Про Алтай
Горы и символы, или Ода луне над Чулышманом
Автор:

Горы и символы, или Ода луне над Чулышманом

Самое приятное и бесполезное дело — перебирать воспоминания.

Лучше уж альбом фотографий полистать. Но вот который день занимаюсь тем, что открываю каталоги памяти, вытаскиваю оттуда картинки, встряхиваю и развешиваю вокруг.

Июль катится к макушке, дни уже сокращаются, а ночи — растут. Еще чуть‑чуть, и от лета останется золотистый огрызок августа. Прекрасно понимаю, если и удастся в этом году съездить в Горный Алтай — раз, от силы два. Потому листаю воспоминания, перебираю не электронные, а эмоциональные отпечатки. Выбираю.

…И с изумлением обнаруживаю, что буквально для каждого любимого кусочка Горного Алтая в памяти сложилась картинка. Символ. Почти что бренд, эмблема. То, что намертво врезалось во все органы чувств и уже не вытравится ни разлукой, ни временем, ни глобальным наступлением туристической индустрии.


Штучный спутник Земли

Ущелье Чулышмана — это луна. Она здесь рыжая, лоснящаяся, как домашнее сливочное масло, одновременно уютно-домашняя и загадочно-древняя. Но главное, она не поднимается потихоньку на небо, как в других местах, как положено приличной воспитанной луне, — нет, она буквально выпрыгивает из‑за края каньона. Стремительно, резко, мгновенно превращая темную долину в призрачный потусторонний мир, залитый чуть дрожащим серебряным маревом.

Иголки собирать, как говорится в известной присказке, при здешней луне я не пробовала. Наверное, все‑таки затруднительно будет. А вот катамаран штопала — здоровенной сапожной иглой, накладывая крупные стежки на чехол для баллона: света вполне хватало, даже пальцы почти не исколола.

Приятели-водники заканчивали сплав по Чулышману и безбожно опаздывали к точке рандеву, назначенной на южном берегу Телецкого озера. До стоянки в устье Чульчи, где мы и встретились, они добрались почти в сумерках, а пройти последние в нижнем течении речные пороги — Туданский и Итыкайские шиверы — решили с рассветом; соответственно, все сборы и починки пришлись на ночь. Парни ставили заплатки на гидрокостюмы, пересмеивались, машинально разминали кисти рук и предплечья: ворочать в бешеном потоке груженый катамаран — еще то удовольствие. Вокруг костра сушилось снаряжение, почти загораживая огонь; так что я сидела, повернувшись лицом к полной луне, штопала разодранный в клочья бок чехла и думала о том, что сплав по Чулышману — шестая, высшая категория сложности в градации спортивного водного туризма.


Безумству храбрых…

Так вот, о луне над Чулышманом. Она выпрыгивает на небо и почти сразу, словно опомнившись, — ой, и куда это я разогналась?! — зависает, почти касаясь графичных ночных скал. Кажется в этот момент огромной, как спутники иных планет в фантастических фильмах, заслоняющие четверть горизонта. А дальше уже неспешно, солидно, размеренно движется вверх, уменьшаясь до привычных размеров, но все равно остается рыжей, толстой и сияющей.
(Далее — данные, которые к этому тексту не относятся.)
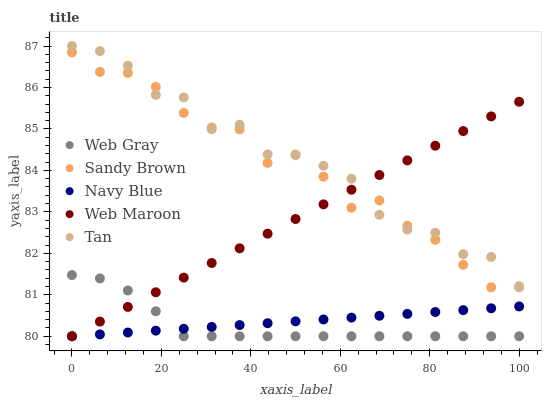Does Web Gray have the minimum area under the curve?
Answer yes or no. Yes. Does Tan have the maximum area under the curve?
Answer yes or no. Yes. Does Tan have the minimum area under the curve?
Answer yes or no. No. Does Web Gray have the maximum area under the curve?
Answer yes or no. No. Is Navy Blue the smoothest?
Answer yes or no. Yes. Is Tan the roughest?
Answer yes or no. Yes. Is Web Gray the smoothest?
Answer yes or no. No. Is Web Gray the roughest?
Answer yes or no. No. Does Navy Blue have the lowest value?
Answer yes or no. Yes. Does Tan have the lowest value?
Answer yes or no. No. Does Tan have the highest value?
Answer yes or no. Yes. Does Web Gray have the highest value?
Answer yes or no. No. Is Web Gray less than Sandy Brown?
Answer yes or no. Yes. Is Sandy Brown greater than Web Gray?
Answer yes or no. Yes. Does Web Maroon intersect Navy Blue?
Answer yes or no. Yes. Is Web Maroon less than Navy Blue?
Answer yes or no. No. Is Web Maroon greater than Navy Blue?
Answer yes or no. No. Does Web Gray intersect Sandy Brown?
Answer yes or no. No. 
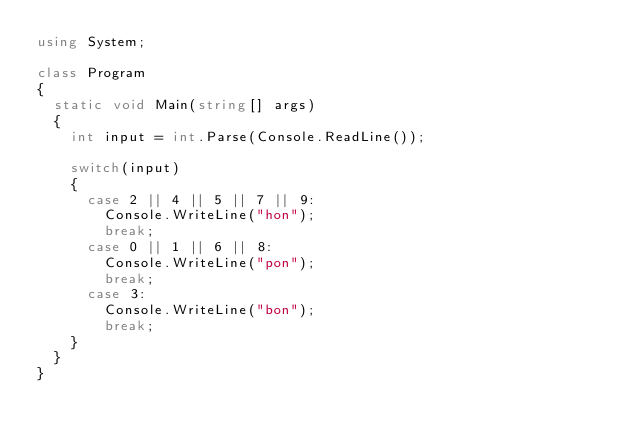<code> <loc_0><loc_0><loc_500><loc_500><_C#_>using System;

class Program
{
  static void Main(string[] args)
  {
    int input = int.Parse(Console.ReadLine());
    
    switch(input)
    {
      case 2 || 4 || 5 || 7 || 9:
        Console.WriteLine("hon");
        break;
      case 0 || 1 || 6 || 8:
        Console.WriteLine("pon");
        break;
      case 3:
        Console.WriteLine("bon");
        break;
    }
  }
}</code> 
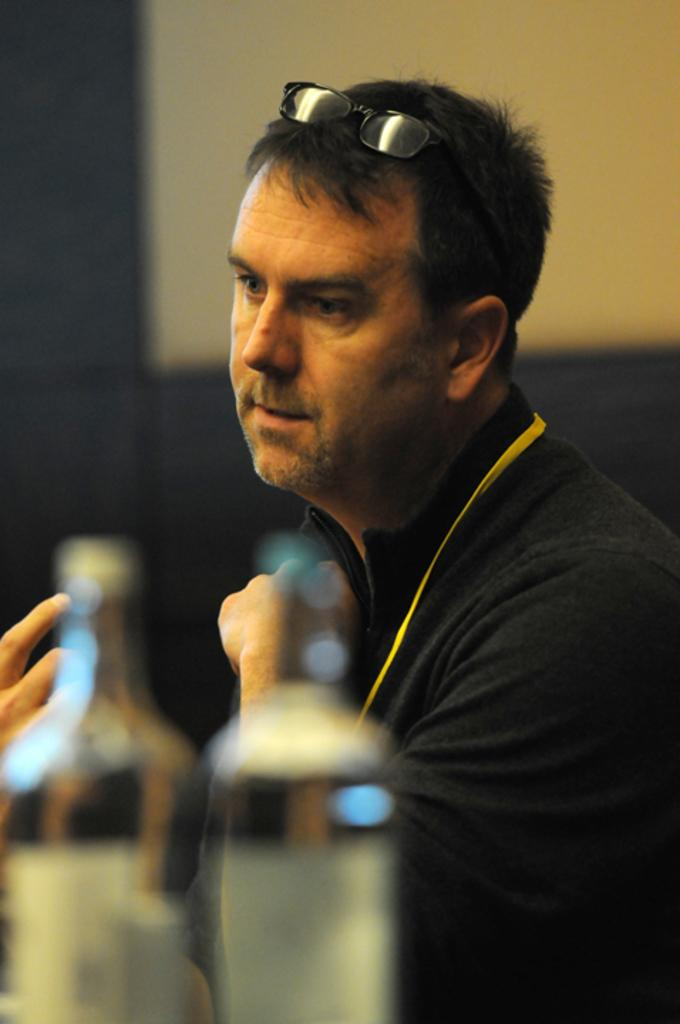What can be seen in the image? There is a person in the image. Can you describe the person's appearance? The person is wearing glasses (specs). What else is present in the image? There are bottles in the image. How are the bottles depicted? The bottles appear blurred. What is the condition of the background in the image? The background of the image is blurred. What month is it in the image? The month cannot be determined from the image, as it does not contain any information about the time of year. Can you tell me how many floors are visible in the image? There is no reference to floors in the image, as it features a person, bottles, and a blurred background.

„Уверяю вас, что астрономы ошибаются: у Земли есть еще один спутник, совершенно отдельный, штучный, абсолютно непохожий на то, что светит на земли, лежащие вне здешних пределов…“ Так сказал когда‑то журналист, писатель и автор волшебных туристских песен Юрий Визбор о горнолыжном курорте „Чегет“ в Приэльбрусье. Не буду ничего придумывать, просто эхом повторю слово в слово — о долине Чулышмана в Горном Алтае.


Я — Чикет, взлетаю!

Перевал Чике-Таман на Чуйском тракте — это взлет.

Уже много раз я упоминала о потрясающем эффекте подъема-взлета на серпантине Чикета и не поленюсь еще триста раз сказать, потому что это одно из немногих подлинно горных ощущений, доступных любому. Вообще любому человеку, способному сесть в автомобиль, проехать каких‑то триста километров от Бийска по хорошему асфальту и посмотреть в окно.

…Проезжаем деревеньку Хабаровку: маленькую, всего на четыре улицы, друг за другом вытянувшиеся вдоль речки Малый Ильгумень. Названием деревня обязана бийскому купцу Ивану Хабарову, что в конце XIX века поставил под перевалом склады на торговом пути в Монголию. А вот первые постоянные поселенцы появились здесь, как повествуют местные байки… благодаря женскому упрямству. Дело было так: чистейшую быструю реку облюбовали для рыбалки на хариуса мужики из села Шульгин Лог, что стоит у черта на куличках отсюда, почти под Бийском. Само собой, уезжали добытчики не на неделю-две, на месяцы. И однажды бабы, кукующие дома с ребятишками, взвыли: да сколько можно! Ни жены мужние, ни вдовы соломенные! Нравится вам в дальнем горном краю, мужья дорогие-любимые? Значит, поехали всей семьей, и точка! И поехали ведь, и обжились. Может, и не байки то вовсе, а чистая правда? Русские женщины, а тем более сибирячки — они такие…

Дорога резко поворачивает, и Хабаровка теряется из виду, чтобы вновь открыться уже с первой ступени серпантина. Мотор у нашего микроавтобуса мощный, в салоне почти не чувствуется, что едем в гору. Потому вся экскурсионная группа ахает в один голос и прилипает к окнам: вроде только что мелькавшие рядом деревенские дома провалились куда‑то вниз и теперь кажутся не крупнее детского конструктора! Как на вертолете взлетаем, который не только поднимается, но и поворачивается вокруг оси. Обзор ненадолго заслоняет каменная стенка — трасса‑то в скалах вырублена — а когда она заканчивается, ахов уже не слышно: народ дружно затаил дыхание, отсюда видна почти вся долина Малого Ильгуменя. Еще поворот — из‑за стиснувших долину горных склонов высовываются макушки дальних отрогов.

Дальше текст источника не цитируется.